### Task description:
Some lines in the entries contain the word "roll". Copy all of them.

### Record set:
---+---

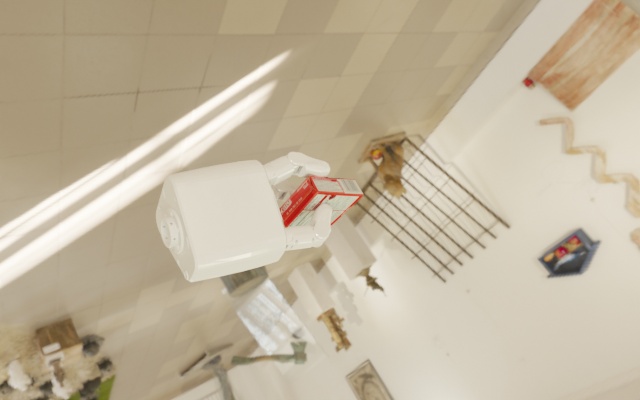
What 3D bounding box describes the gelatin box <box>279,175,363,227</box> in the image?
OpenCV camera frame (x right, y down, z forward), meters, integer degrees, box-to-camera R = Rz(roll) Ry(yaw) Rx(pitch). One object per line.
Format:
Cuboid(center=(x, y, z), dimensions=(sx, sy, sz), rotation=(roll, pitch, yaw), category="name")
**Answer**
Cuboid(center=(0.001, 0.002, 0.621), dimensions=(0.089, 0.030, 0.073), rotation=(2, -38, -44), category="gelatin box")
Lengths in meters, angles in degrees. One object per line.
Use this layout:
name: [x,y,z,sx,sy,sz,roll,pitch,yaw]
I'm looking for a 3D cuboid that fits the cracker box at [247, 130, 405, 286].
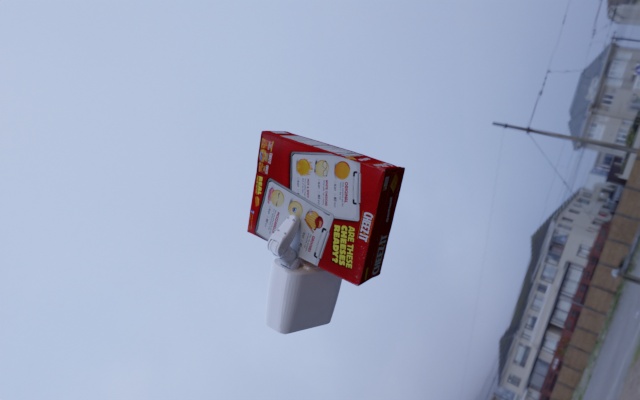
cracker box: [0.000,0.002,0.691,0.213,0.164,0.072,21,19,32]
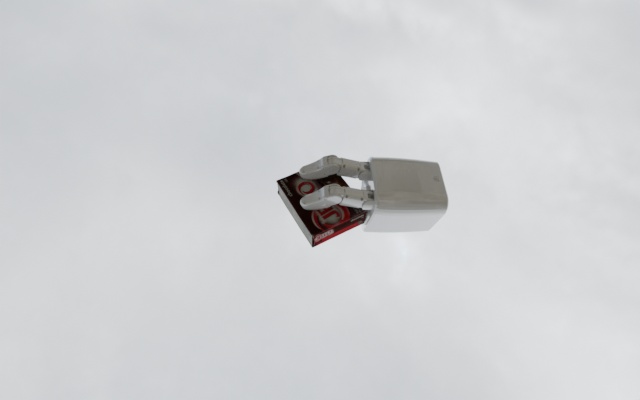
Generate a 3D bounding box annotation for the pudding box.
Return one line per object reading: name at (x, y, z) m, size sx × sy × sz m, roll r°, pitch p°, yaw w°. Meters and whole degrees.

---+---

### Exercise solution:
OpenCV camera frame (x right, y down, z forward), meters, integer degrees, box-to-camera R = Rz(roll) Ry(yaw) Rx(pitch). One object per line.
Cuboid(center=(x, y, z), dimensions=(sx, sy, sz), rotation=(roll, pitch, yaw), category="name")
name: [x,y,z,sx,sy,sz,roll,pitch,yaw]
Return one line per object reading: name at (x, y, z) m, size sx × sy × sz m, roll r°, pitch p°, yaw w°. Meters and whole degrees.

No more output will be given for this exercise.